Table 6 shows the detailed results of the two steps of CETUS. It can be seen, that the pattern based recognition of the string containing the type of an entity performs well with a micro F1 measure of \(\tilde{0}.7\). However, there is still space for improvement. A large problem for this approach are formulations that have a different grammatical structure than those inside the DBpedia abstracts. Thus, a system with a better understanding of the internal structure of the sentence, e.g., by using parse trees, could avoid these problems.

Table 3. Results of the OKE Challenge 2015 task 1
Table 4. Results for the different sub tasks of task 1
Table 5. Results of the OKE Challenge 2015 task 2
Table 6. Results for the different sub tasks of task 2

Comparing both type linking approaches, it can be seen that both have a similar precision (see Table 6). But the YAGO-based approach has a higher recall leading to a slightly higher F1 score. The FOX-based type linking lacks the identification of types different to persons, organizations and locations. The YAGO-based type linking suffers from two main problems. First, some of the extracted local types cannot be matched to YAGO types.

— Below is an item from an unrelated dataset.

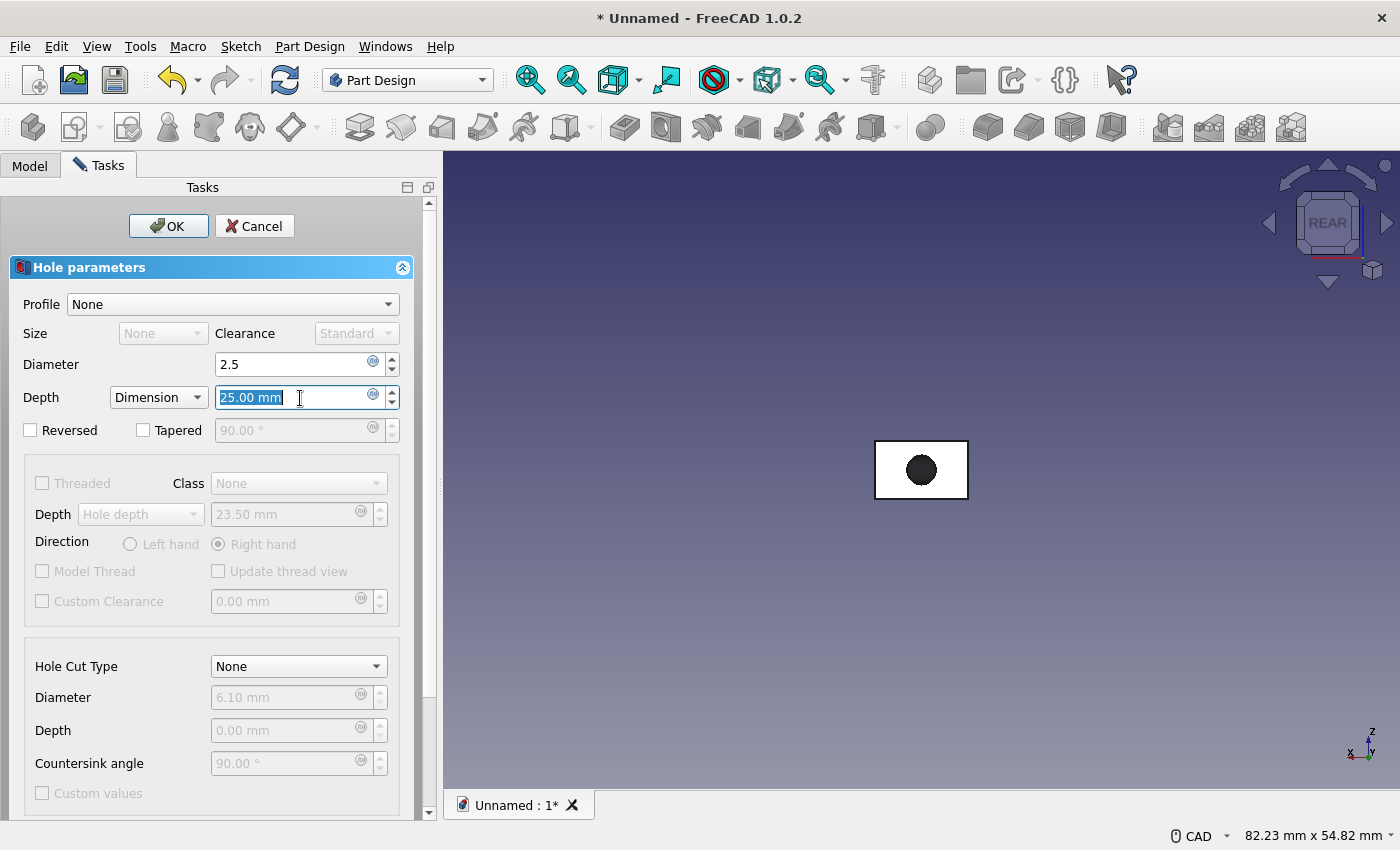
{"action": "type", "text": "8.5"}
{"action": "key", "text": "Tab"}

This might be solved by using a better search strategy for finding YAGO types with a similar label, e.g., trigram similarity. The second point of failure is the mapping from YAGO to DOLCE types. For some YAGO types there are no linked DOLCE types while for others the linked DOLCE types are very high inside the hierarchy leading to a coarse typing result and, thus, to a lower precision. A further improvement of the mapping between YAGO and DOLCE types could reduce these problems.

8 Conclusion

We presented CETUS—a pattern based type extraction that can be used as baseline for other approaches. Both versions—CETUS\(_{YAGO}\) and CETUS\(_{FOX}\)—have been explained in detail and we showed the performance of FOX also on task 1. We showed how the first one uses a label matching for determining a super type for the automatically generated classes while the second is based on one of the various, existing entity typing tools. Both versions outperformed the competing systems during the OKE Challenge 2015. However, the evaluation pointed out several possibilities for further improvement.